One of the challenges of big data is real-time processing, especially in dynamic data environments such as financial trading and social media, Biddick says. "Many queries are difficult to pre-compute and too intense to compute in real time on a single machine. Traditionally, you have to do an approximation to keep the cost of such a query down." He says that Storm, open-source software from BackType, which Twitter bought last summer, does distributed real-time processing of information that enables Twitter users to track trends and figure out how many unique people see a tweet.
"Storm’s architecture uses distributed remote procedure calls, so as you run a processing topology, it implements the RPC function and waits for RPC invocations," says Biddick. "An RPC invocation is a message containing the parameters of the RPC request and information telling Storm where to send the results.

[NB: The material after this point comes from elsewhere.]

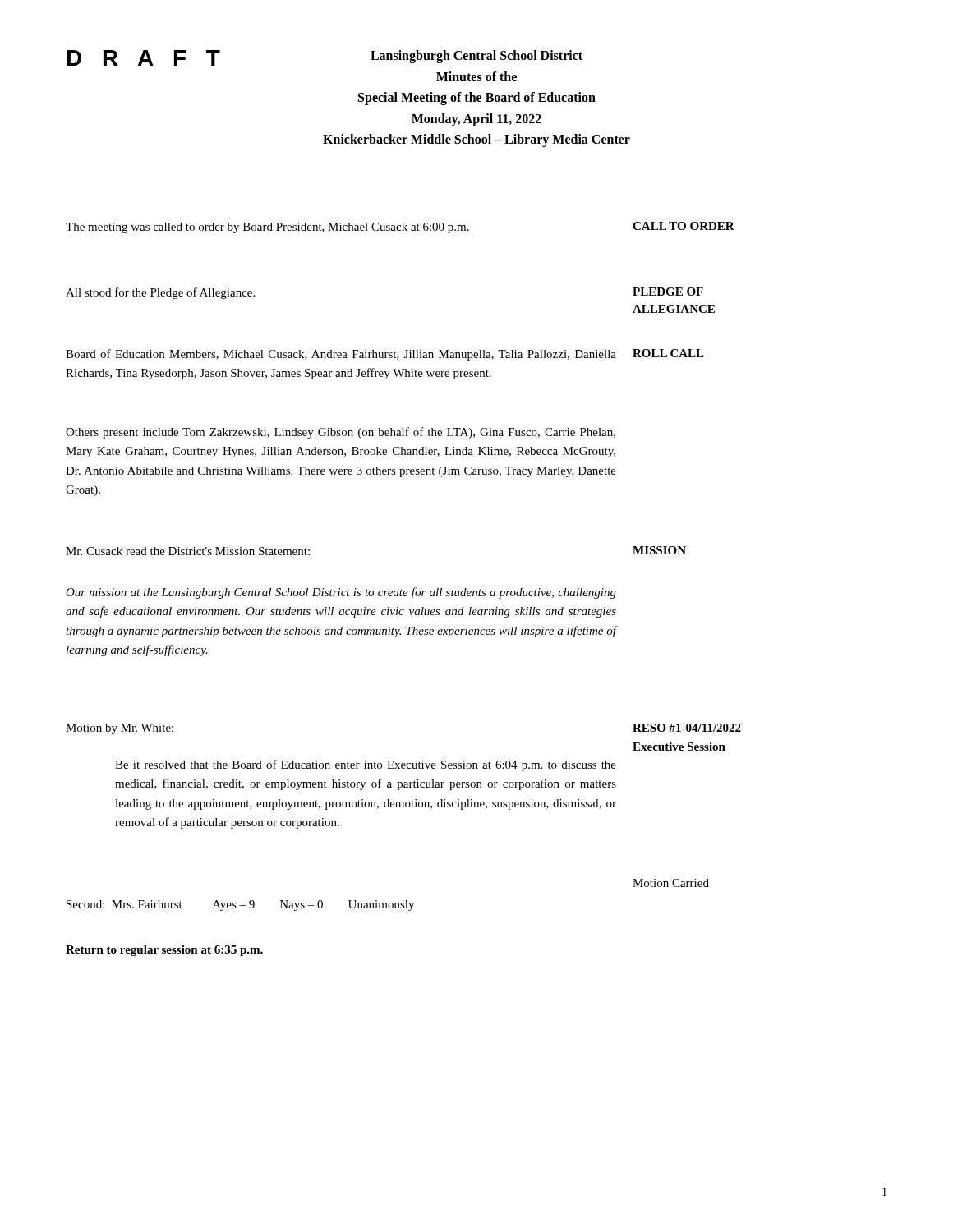Locate the text block with the text "All stood for the"
This screenshot has height=1232, width=953.
coord(161,292)
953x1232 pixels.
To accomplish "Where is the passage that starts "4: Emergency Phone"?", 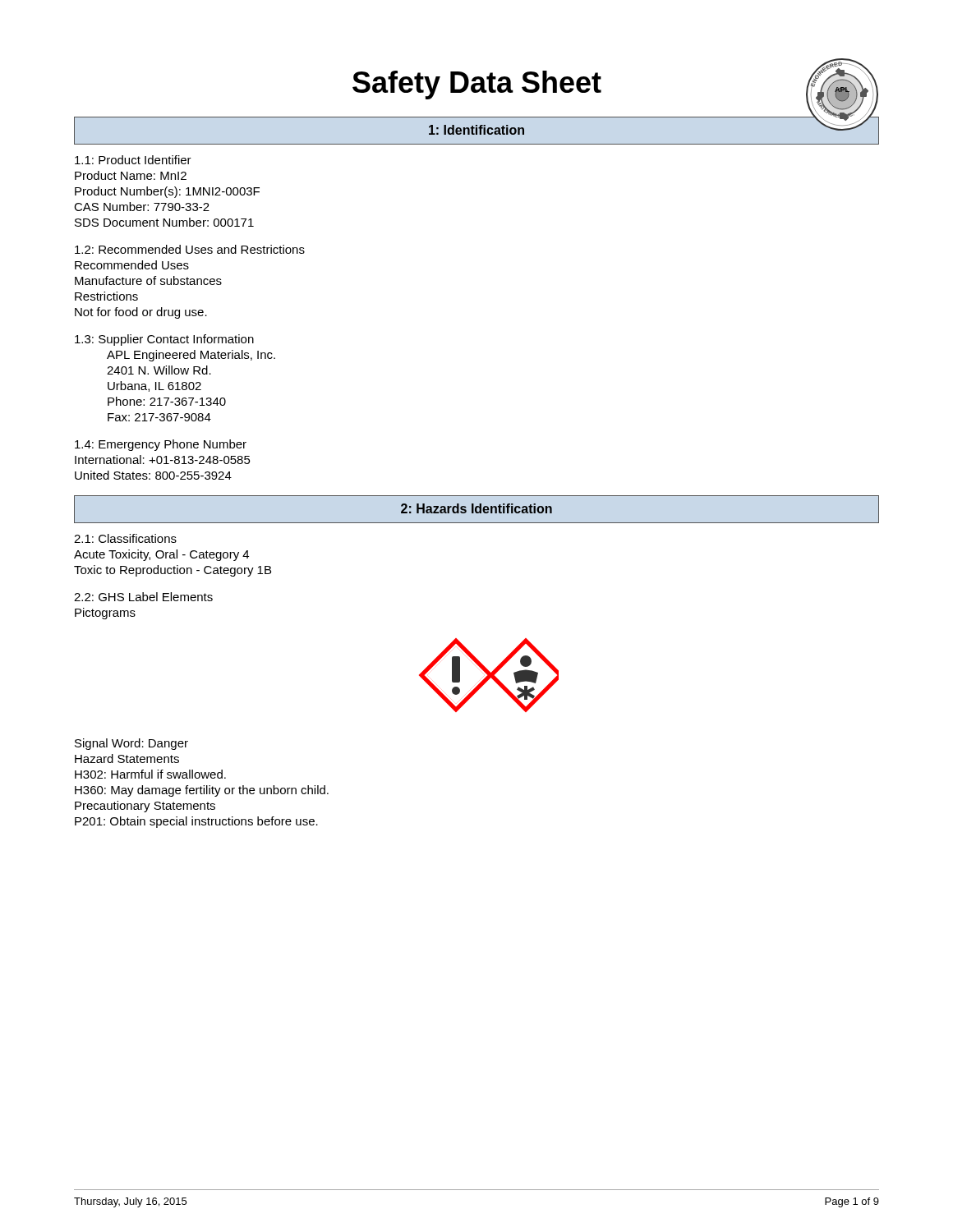I will click(x=160, y=444).

The topology picks up messages, does the necessary computations in parallel on several machines and returns the results to the request originator."
He says Storm’s distributed, fault-tolerant approach operates at a higher level of abstraction than message queues. Yahoo’s S4 and Amazon Web Services take similar approaches, Biddick adds. And AWS is developing a stream processing capability that it says will process more than 2 million records per second at launch and eventually will scale to handle more than 100 times that traffic. The company describes the platform as providing near-real-time, highly available and reliable data processing.
Another issue companies need to think about is the ability to access big data--and quickly. "Before thinking about big data architectures, make sure your data policies are clear and accepted throughout the organization," advises Biddick. "They must define the types of data that will be stored, for how long, how quickly you need to access it, and how it will be accessed. These policies will form the basis of storage governance and help define your technology requirements."
Without this foundation, he says, companies will just be throwing storage dollars at problems and end up with a depleted budget, underutilized technology and an inability to plan for future growth. "Big data management," says Biddick, "is challenging enough without worrying about whether you’re managing the right data set."